The Horn of Mortal Danger
- First edition
- Author: Lawrence Leonard
- Cover artist: Gavin Rowe
- Language: English
- Genre: Science fiction
- Publisher: Julia MacRae
- Publication date: 1980
- Publication place: United Kingdom
- Pages: 224
- ISBN: 0-7445-0847-9
- OCLC: 59211869

= The Horn of Mortal Danger =

1980 book by Lawrence Leonard

The Horn of Mortal Danger is a 1980 novel by British musician Lawrence Leonard. It relates the adventures of a brother and sister as they discover a secret civilisation buried beneath the streets of London. It is a 'classical' children's fantasy.

==Plot summary==

Simon ("Widgie") and Jen Widgeon are innocently exploring the abandoned Highgate rail tunnel near their home when they discover a hidden gateway halfway along it. Through this, they find their way to a little old-fashioned railway station.

At first the tunnels seem deserted. However, as Jen wanders down the tunnel to explore, the Railwaymen emerge and capture Widgie. Jen, in her turn, discovers an underground canal, complete with a little steamboat, which the railway crosses through a retractable bridge. Men emerge from the boat and take her captive.

It quickly becomes apparent that Widgie and Jen have become caught up in an entire underground civilisation, which the North London System had kept secret for centuries from the world above. Two civilisations, in fact, seemingly perpetually at war. The siblings' arrival becomes the catalyst for a climactic battle between the Railwaymen and the Canallers.

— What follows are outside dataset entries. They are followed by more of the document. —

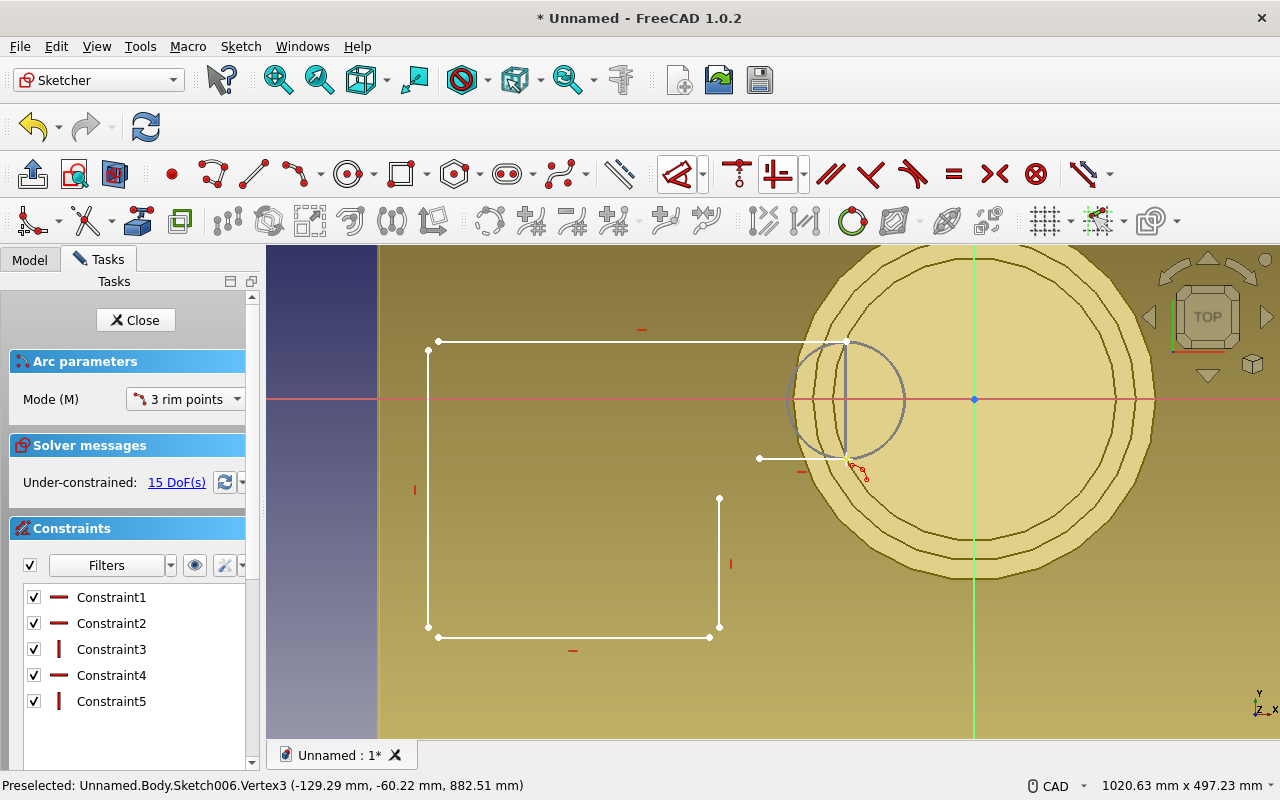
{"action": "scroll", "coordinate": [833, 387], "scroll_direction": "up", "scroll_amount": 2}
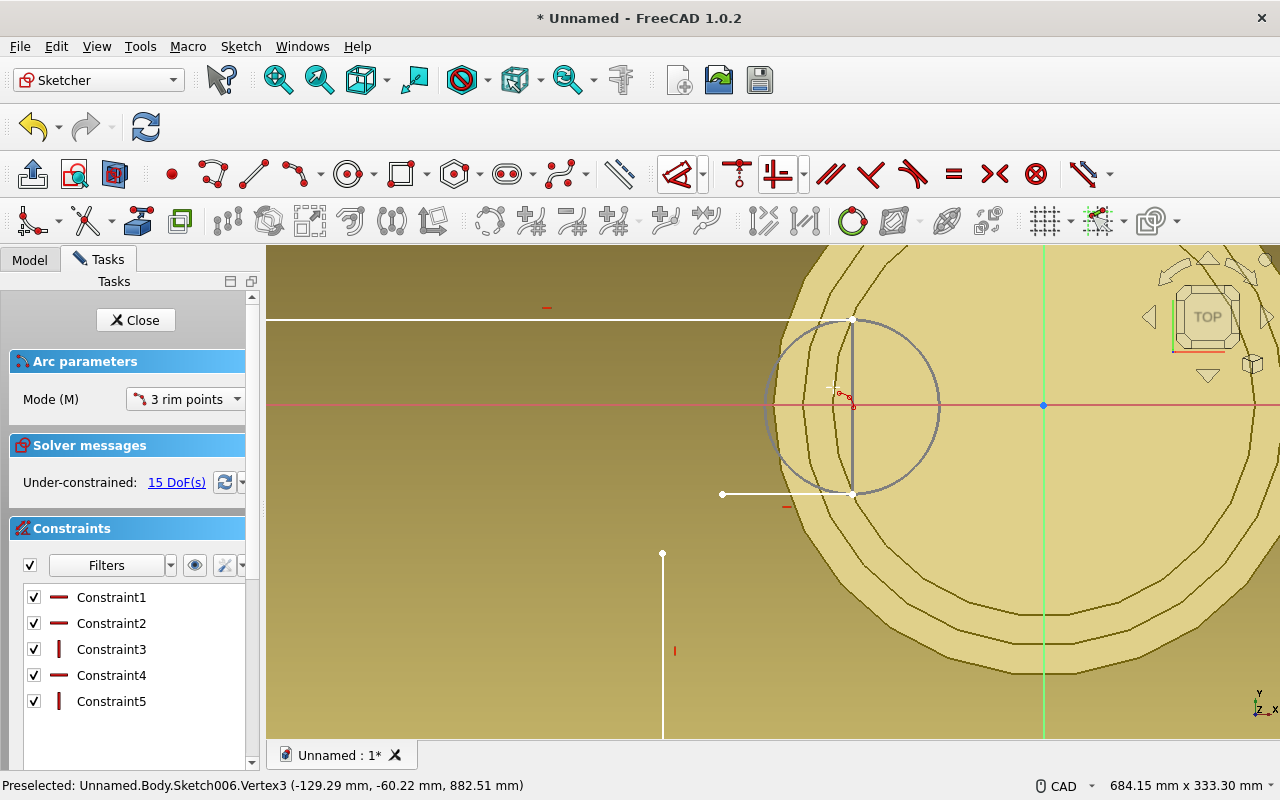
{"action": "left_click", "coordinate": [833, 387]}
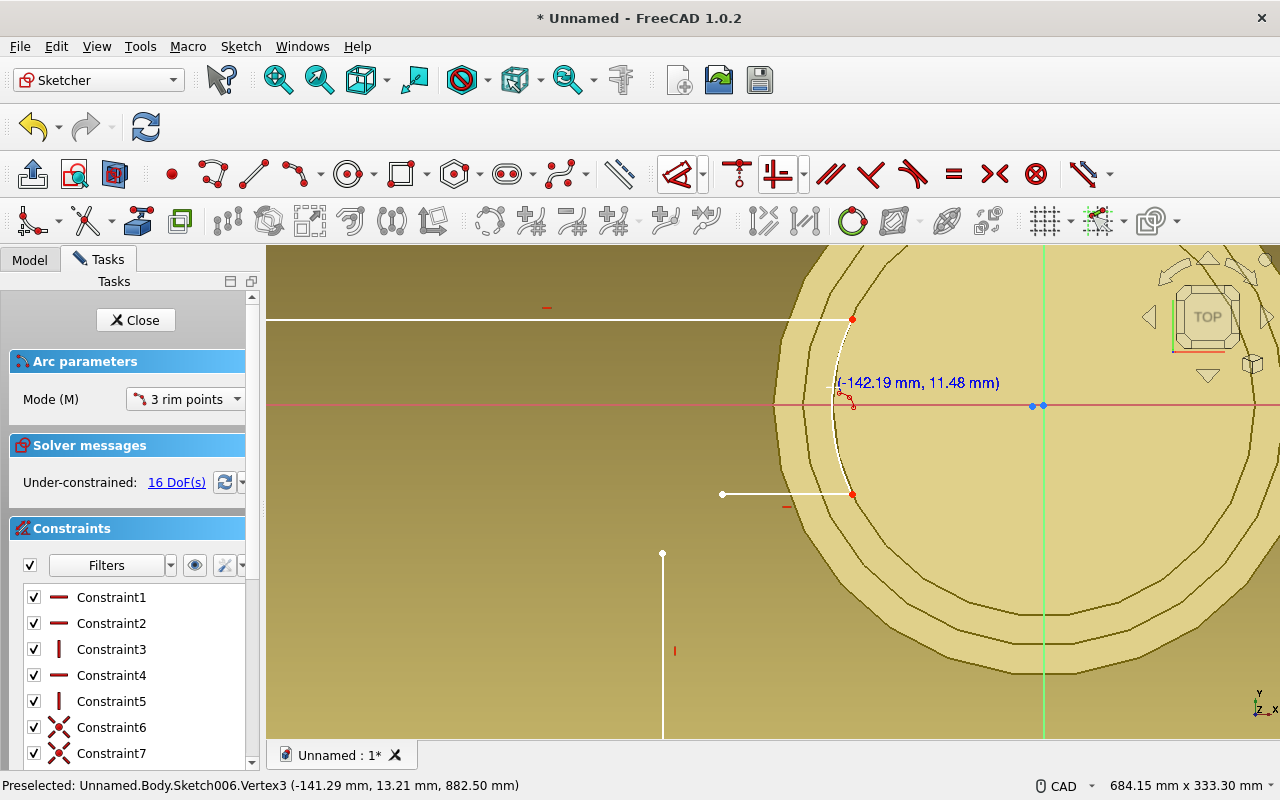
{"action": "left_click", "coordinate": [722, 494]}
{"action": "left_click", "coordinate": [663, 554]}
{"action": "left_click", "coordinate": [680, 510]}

Widgie manages to escape and rescues Jen, and the realisation of the threat they pose should they escape aboveground and expose the System forces the Railwaymen and the Canallers to set aside their differences for the time being, to collaborate in an effort to recapture them. In the course of the battle giant rats, kept imprisoned in a blocked-up tunnel, are released and proceed to spread through the whole system. As Widgie and Jen escape into the Post Office Railway, it appears that the entire civilisation is on the verge of disintegration under the assault from the rats.

==Structure==

It is worth noting that, seemingly in imitation of The Lord of the Rings (1937 and 1949). Leonard includes appendices relating the aftermath of the story underground, in which the Railwaymen and Canal Folk discuss the joint threats of the children and the rats, and giving a short history of the North London System (and suggesting that similar societies exist beneath many major cities, at least in England). It also includes two short "Interludes", set aboveground, concerning the search for the missing children.

==Allusions/references to actual history, geography and current science==

Leonard's secondary world is unusual as a result of the fact that it overlaps with the primary one and is separated from it, it seems, through nothing stronger than blind luck. Uniquely among such fantasies, Leonard never employs magic, and indeed seems at pains to explain how his underground System works. There are no women seen underground, nor any apparent means to produce food to support the Undergrounders, but rather than hoping his readers will not notice this (as the children do), he explains very concisely the why and how of this in a throwaway manner near the beginning.

The technology of railways and canals is borrowed from observation of the Aboveground world, but the System is conservative and usually does not adopt new things very quickly. They have no electricity, though the Railway is reportedly looking into the matter. The children finally make their escape through an Observation Shaft, similar to the one they entered through, which leads into the Post Office Railway, and is used to study the operation of electric trains.

In the story, the System had existed for centuries before the Tube, and it is mentioned in the second Appendix that the beginning of construction of the Tube caused the Undergrounders considerable alarm, although tempered by pride that the Abovegrounders were (seemingly) imitating them for a change.

The key clue to the location of the System is the River Fleet, diverted underground in the eighteenth century. It serves as the spine of the canal network and the setting for one of the most dramatic scenes in the book, as both the train (with Widgie on board) and the boat (with Jen) race against time to reach and pass a bridge over it as the river becomes swollen and flooded.

Several locations (King's Cross, Paddington, Camden Lock) are named after real-world locations, and it appears from the map in the book that these are intended to be very near their real-world locations: the System incorporates the area roughly bounded on the surface by Muswell Hill to the north, Tottenham and Islington to the east, Paddington and Oxford Street to the south and Finchley Road to the west. The southern part of this area includes the River Fleet, which drains southwards into the Thames.